Belgian government to discuss energy crisis at special meeting tomorrow
The Belgian federal government will hold its first Council of Ministers on Friday after the summer holidays. An event will however mark the return to politics two days earlier: the holding of a consultation committee, convened by Prime Minister Alexander De Croo, on the high energy prices. The meeting wil take place tomorrow, Wednesday 1 September, at 3 pm.
With the energy prices skyrocketing and impacting families and businesses due to the war in Ukraine, the "Vivaldi" government kicks off the working year with the file with which it ended before the summer. (The so-called Belgian "Vivaldi" coalition refers to the "The Four Seasons", with four different political views: the liberals (Open Vld and MR), the socialists (Vooruit and PS), the greens (Groen and Ecolo) and the Christian democrats of CD&V.)
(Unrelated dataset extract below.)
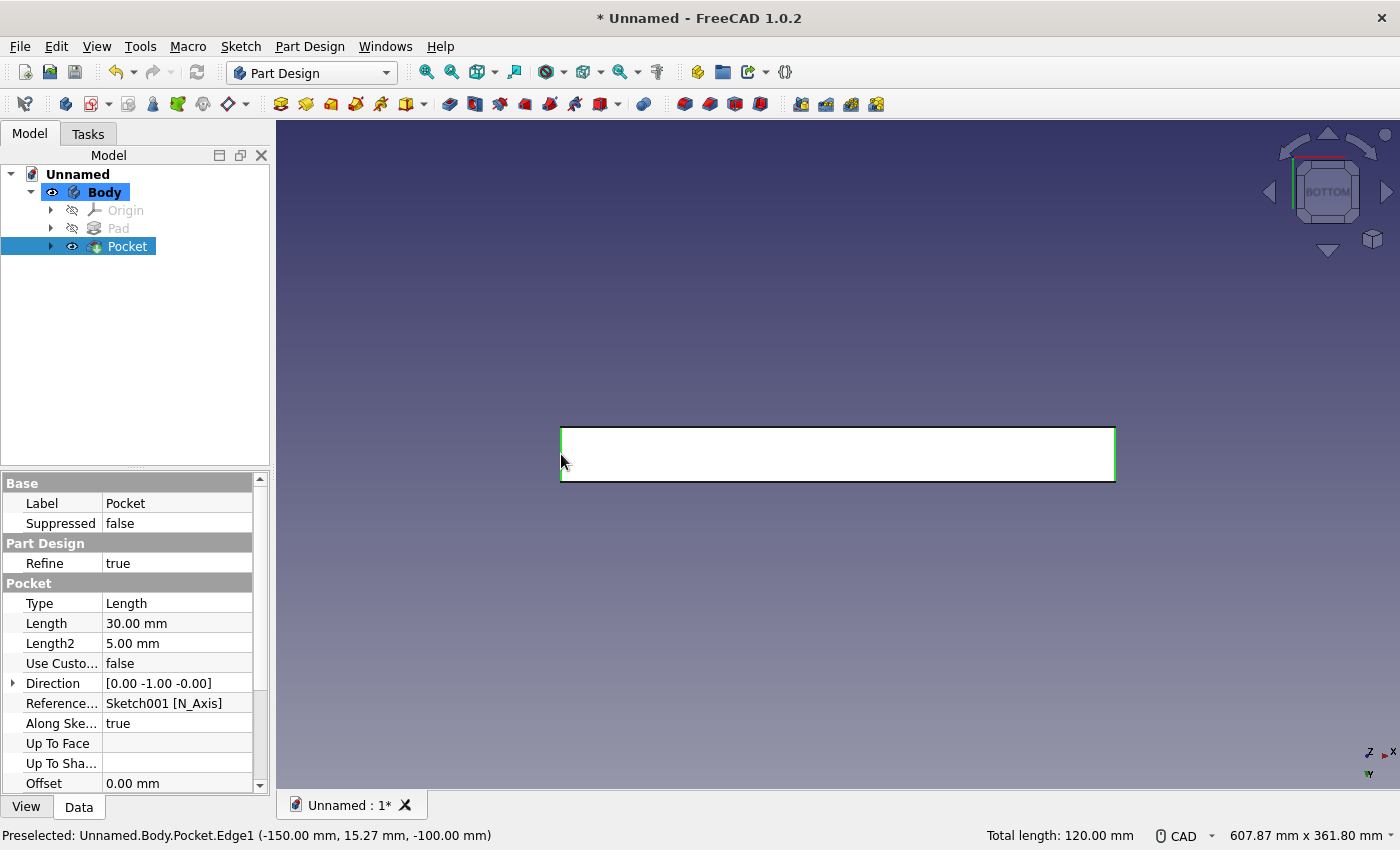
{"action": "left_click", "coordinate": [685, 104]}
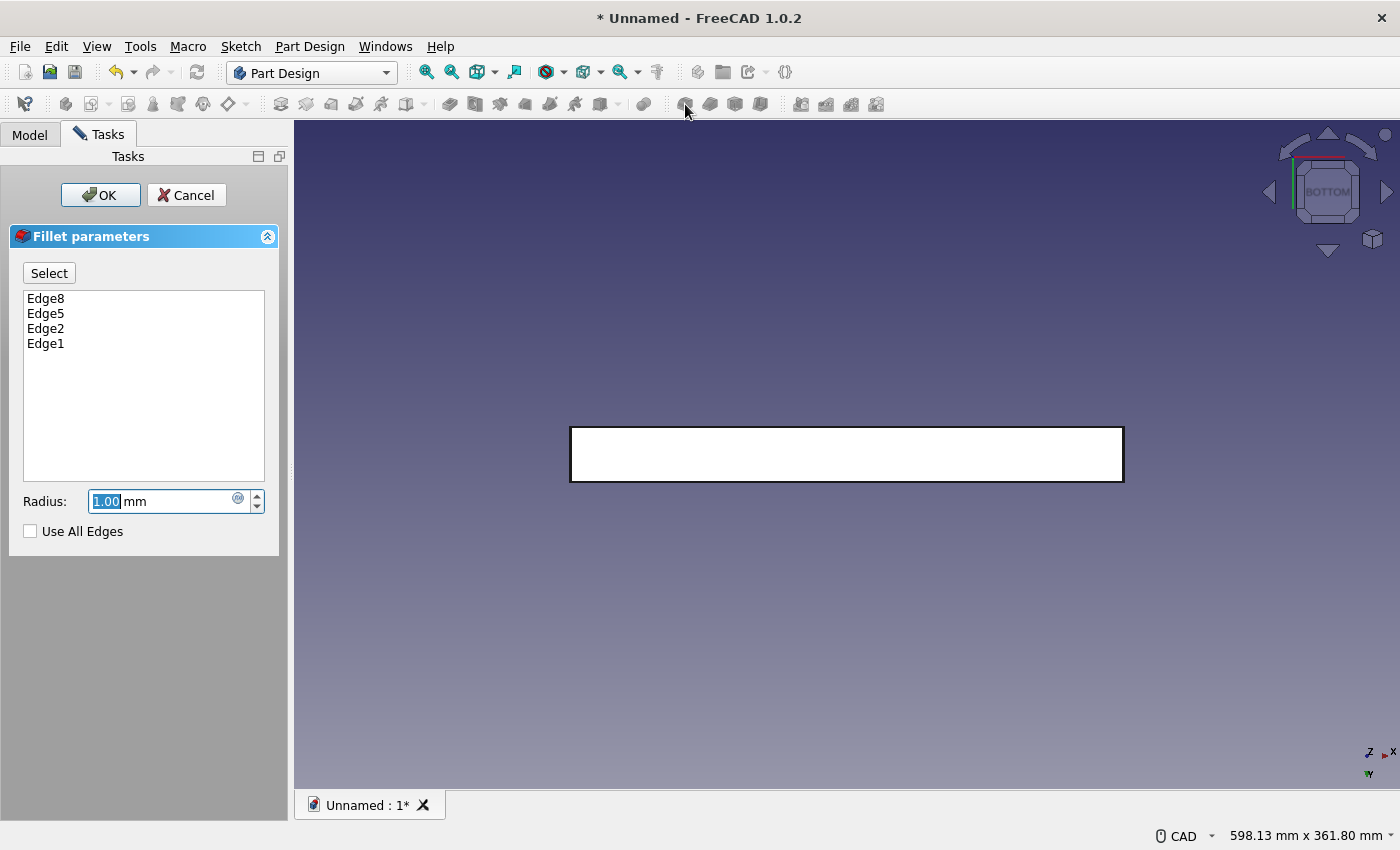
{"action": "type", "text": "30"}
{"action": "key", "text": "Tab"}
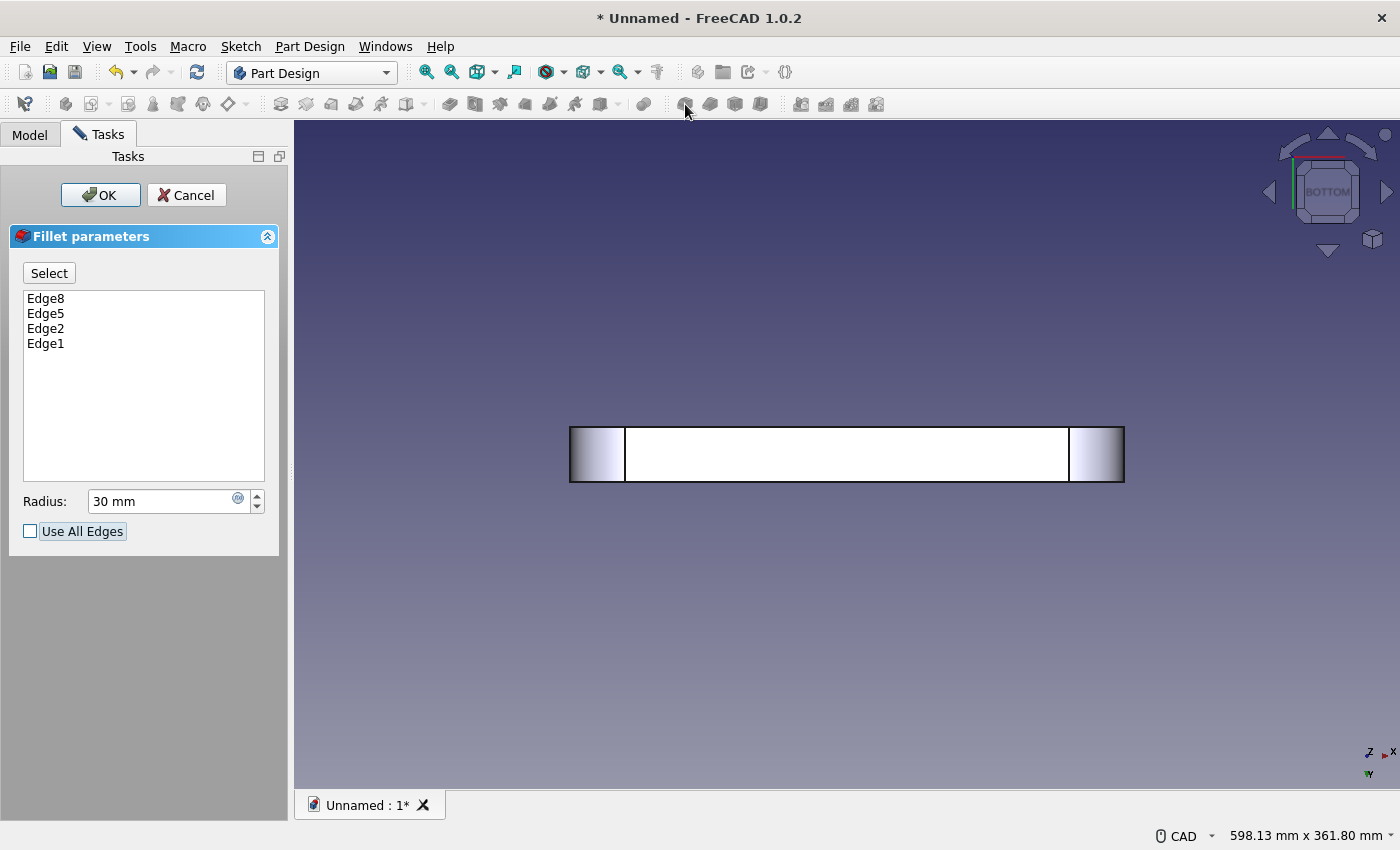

Earlier this month, the Belgian prime minister Alexander De Croo admitted this Summer at a Voka meeting, the Flemish network of enterprises, that the next five to ten winters will be difficult. "Hope for the best, prepare for the worst," he said.
No concrete measures?
Wednesday's Consultation Committee primarily serves to analyze the situation, with no expected concrete measures. "If there was a magic solution, we would have decided it long ago," a government source told Belga News Agency.
The federal government is also looking at Europe. A price ceiling for gas should be decided there, suggested De Croo and Energy Minister Tinne Van der Straeten (Groen) in unison last weekend, in combination with the decoupling of electricity and gas prices. After all, the record prices for natural gas are boosting electricity prices via the gas-fired power stations.
Production at stake
Yet some are also looking emphatically to the federal government for additional support. The social rate for energy was previously extended until the end of this year, but the Gezinsbond is requesting a further expansion of the rate and a reduced VAT rate on gas and electricity. Industrial bulk users are also demanding measures: if gas prices remain at their current level or rise further, certain companies will inevitably have to stop production.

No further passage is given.